Ode to a Nightingale Nightingale Luscinia megarhynchos "Ode to a Nightingale" is the longest of the odes with 8 stanzas containing 10 lines each.
The poem begins by describing the state of the poet, using negative statements to intensify the description of the poet's physical state such as "numbless pains" and "not through envy of thy happy lot" lines 1—5.
While the ode is written "to a Nightingale", the emphasis of the first line is placed upon the narrator rather than the bird, and Helen Vendler suggests that the negation of the reader as a party in the discourse happens just as the song of the nightingale becomes the "voice of pure self-expression".
Ode to Psyche "Ode to Psyche" is a line poem written in stanzas of varying length, which took its form from modification Keats made to the sonnet structure.
Psychea creature so beautiful that she drew the attention of Cupid himself, draws the attention of the narrator, whose artistic imagination causes him to dream of her: As he relates himself to the mythical character of Cupid, he confuses the god's emotions with his own and imagines that he too has fallen in love with the woman's beauty.
In line 50, the poet states "Yes, I will be thy priest, and build a fane", which, Harold Bloom suggests, implies that the poet himself becomes a "prophet of the soul" as he regards the beauty of Psyche and attempts to place himself within Cupid's personage.
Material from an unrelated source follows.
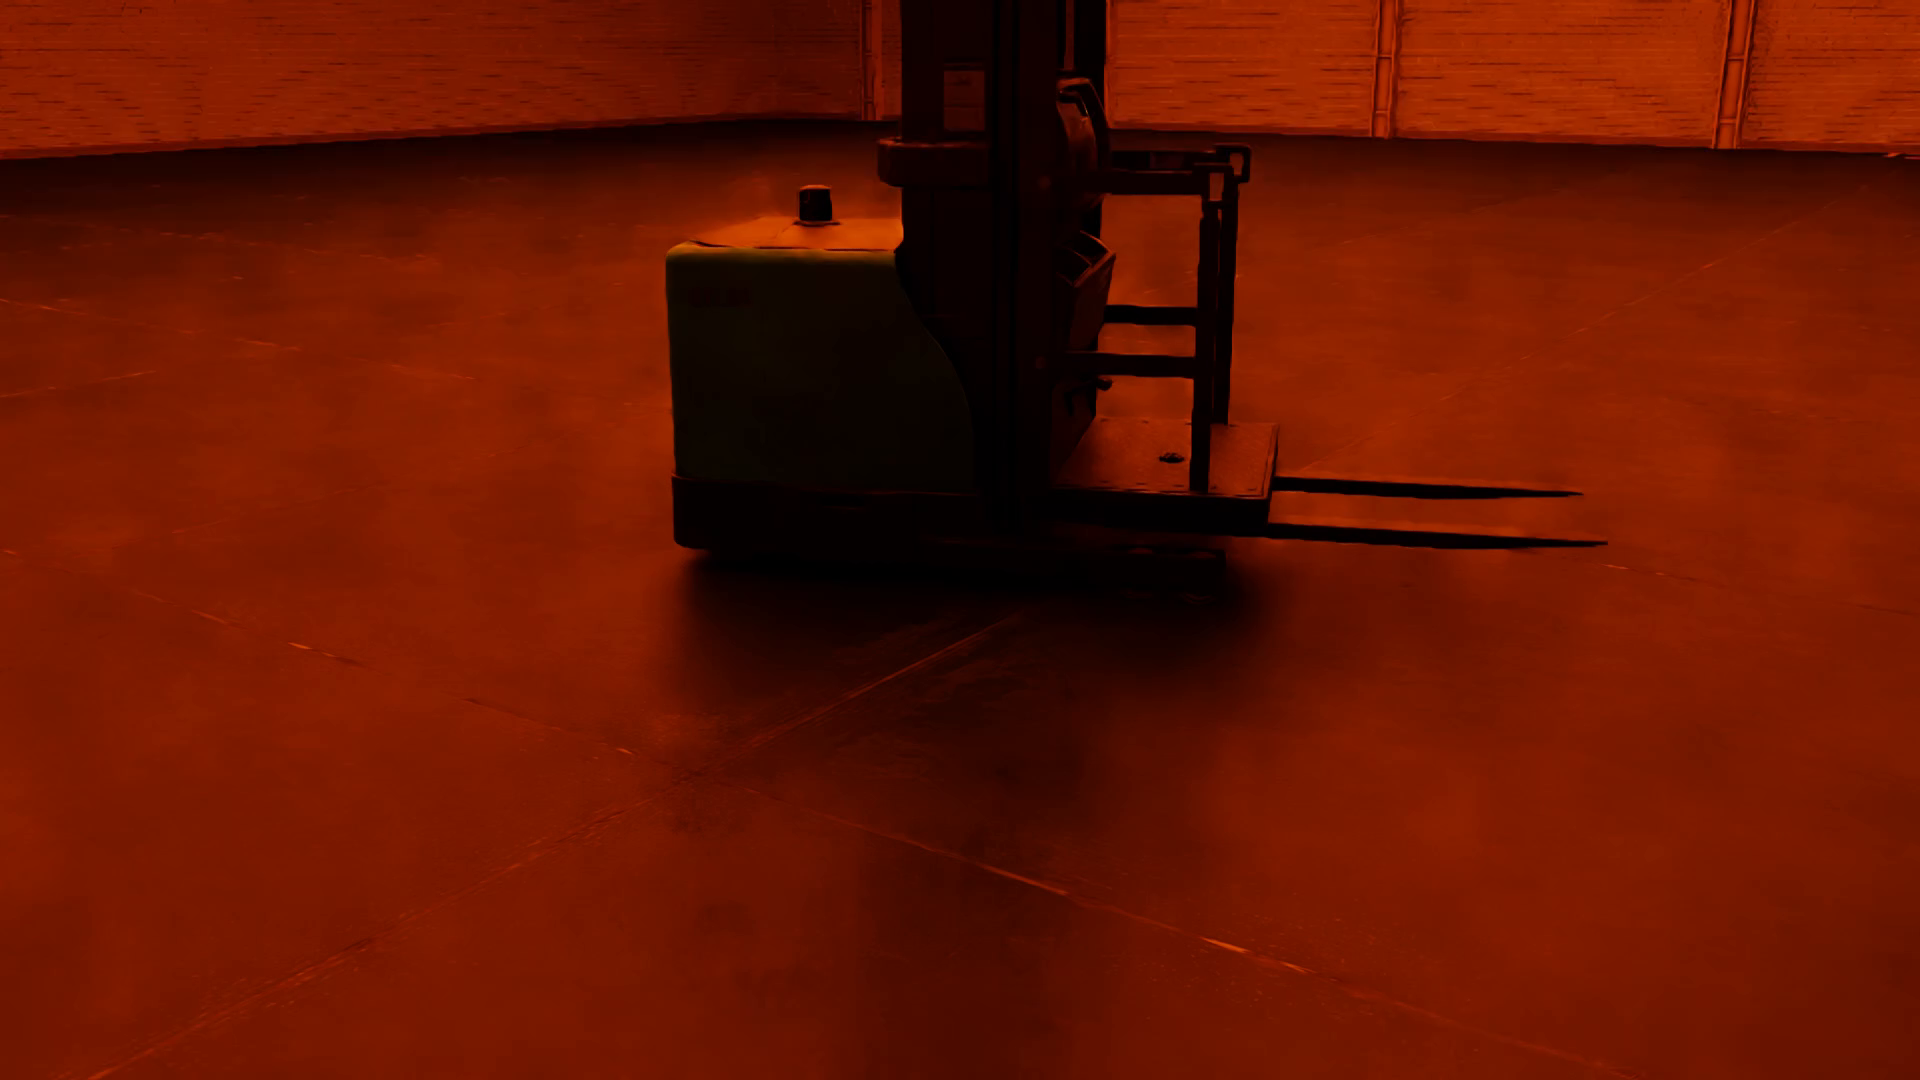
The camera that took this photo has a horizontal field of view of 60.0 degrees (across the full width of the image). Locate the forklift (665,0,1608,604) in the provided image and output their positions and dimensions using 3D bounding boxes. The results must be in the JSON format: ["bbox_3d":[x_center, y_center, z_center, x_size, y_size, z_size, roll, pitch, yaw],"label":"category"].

Eliot, it is the most prominent ode among the six great odes.
It discusses how autumn is both a force of growth and maturation, and deals with the theme of approaching death. While the earlier odes perfected techniques and allowed for variations that appear within "To Autumn", Keats dispenses with some aspects of the previous poems such as the narrator to focus on the themes of autumn and life.
The poem discusses ideas without a progression of the temporal scene, an idea that Keats termed as "stationing".Explain how Keats’ concept of “negative capability” might be applied to a reading of Keats’ “Ode on a Grecian Urn.” Keats doesn’t focus on the same subjects as the other romantic poets, like religion, ethics, morals or politics.
The order of the odes has been much debated; it is known that Ode to Psyche was written in late April, Ode to a Nightingale probably in May, and To Autumn on 19 September , but although Ode on a Grecian Urn and Ode on Melancholy are assumed to belong to May, but no one can be certain of any order or progression.
In style and power the odes represent Keats’s finest poetry; indeed, they are . Emotion vs. Intellect in Ode to a Nightingale and Since Feeling is First We must look for guidance from the emotions not the mind.
This romantic philosophy is portrayed in the works of both John Keats’s "Ode to a Nightingale" and E.
E. Cummings’s "Since Feeling . “Nightingale” also differs from the other odes in that its rhyme scheme is the same in every stanza (every other ode varies the order of rhyme in the final three or four lines except “To Psyche,” which has the loosest structure of all the odes).
” John Keats: In the poem “Ode on Melancholy,” Keats takes a sinister look at the human condition.
The idea that all human pleasures are susceptible to pain, or do inevitably lead to pain, is a disturbing thought. John Keats was born in London on 31 October , the eldest of Thomas and Frances Jennings Keats’s four children.
Although he died at the age of twenty-five, Keats had perhaps the most remarkable career of any English poet.